A colleague of mine recently sent me a blog post explaining the difference between project contingency and padding. The blogger made the distinction that padding is what often gets added to an individual’s estimate of the effort required to perform a task (in her example, a software development task) to account for project ‘unknowns’. The estimator determines the most likely required effort, then pads it with a little more effort in order to arrive at an estimate to which he or she can commit. Thus, padding represents an undisclosed effort reserve (and implied schedule reserve) to buffer against potential risk. Contingency reserve, she explains, is “an amount of money in the budget or time in the schedule seen and approved by management. It is documented. It is measured and therefore managed.” Ms. Brockmeier is correct in promoting contingency as the better management tool. The challenge is having a method to measure and document this contingency and the known unknowns it is buffering.
Implicit Risk Buffer
Padding is a natural result of bottoms-up, effort-based estimation techniques.
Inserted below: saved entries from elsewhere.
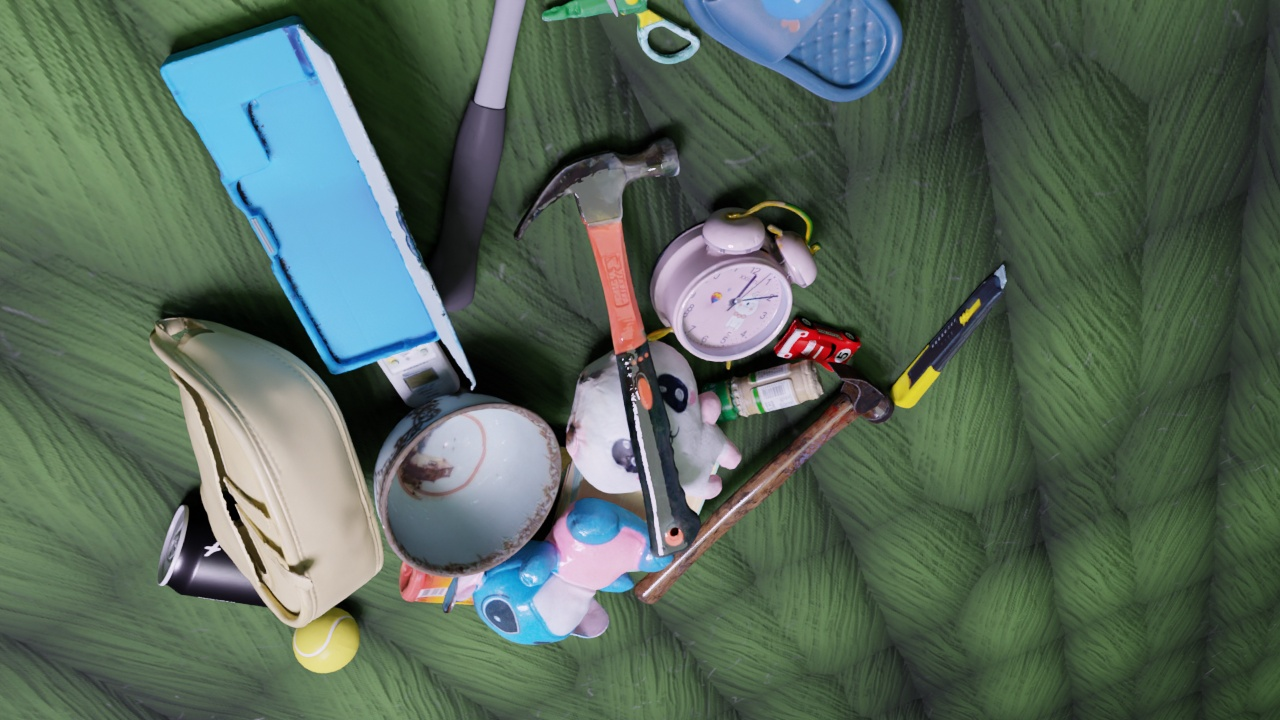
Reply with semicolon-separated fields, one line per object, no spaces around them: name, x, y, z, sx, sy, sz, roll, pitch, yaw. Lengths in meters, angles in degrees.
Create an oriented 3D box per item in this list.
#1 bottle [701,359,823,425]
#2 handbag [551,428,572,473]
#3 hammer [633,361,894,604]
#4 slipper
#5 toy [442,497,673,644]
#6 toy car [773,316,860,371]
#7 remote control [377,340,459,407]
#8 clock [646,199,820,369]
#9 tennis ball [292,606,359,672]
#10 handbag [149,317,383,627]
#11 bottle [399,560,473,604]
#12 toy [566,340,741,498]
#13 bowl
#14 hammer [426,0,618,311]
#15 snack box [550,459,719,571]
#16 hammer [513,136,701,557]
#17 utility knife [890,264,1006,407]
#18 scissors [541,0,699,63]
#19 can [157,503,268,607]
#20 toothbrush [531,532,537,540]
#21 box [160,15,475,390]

Estimating low-level WBS elements creates more opportunity for padding, because the number of unknowns grows with the task list. The estimator is consciously or unconsciously assessing the risk of each task, considering its dependencies and complexities. What is being implied in the effort estimate is: 1] an assessment of product size and complexity, and 2] a productivity valuation.
Explicit Risk Buffer
QSM’s SLIM-Estimate tool provides an alternative approach that eliminates padding by taking a top-down view of the project. At the project level, as opposed to the task level, the vast majority of unknowns are attributed to just two factors: the product size, and team productivity. Using project productivity values measured from past projects, plus an estimate of the entire product size, SLIM calculates the total effort and duration needed to complete the project. Risk is explicitly calculated using expected values for size and productivity (along with uncertainty ranges for each input) to produce a probability distribution of effort and duration outcomes.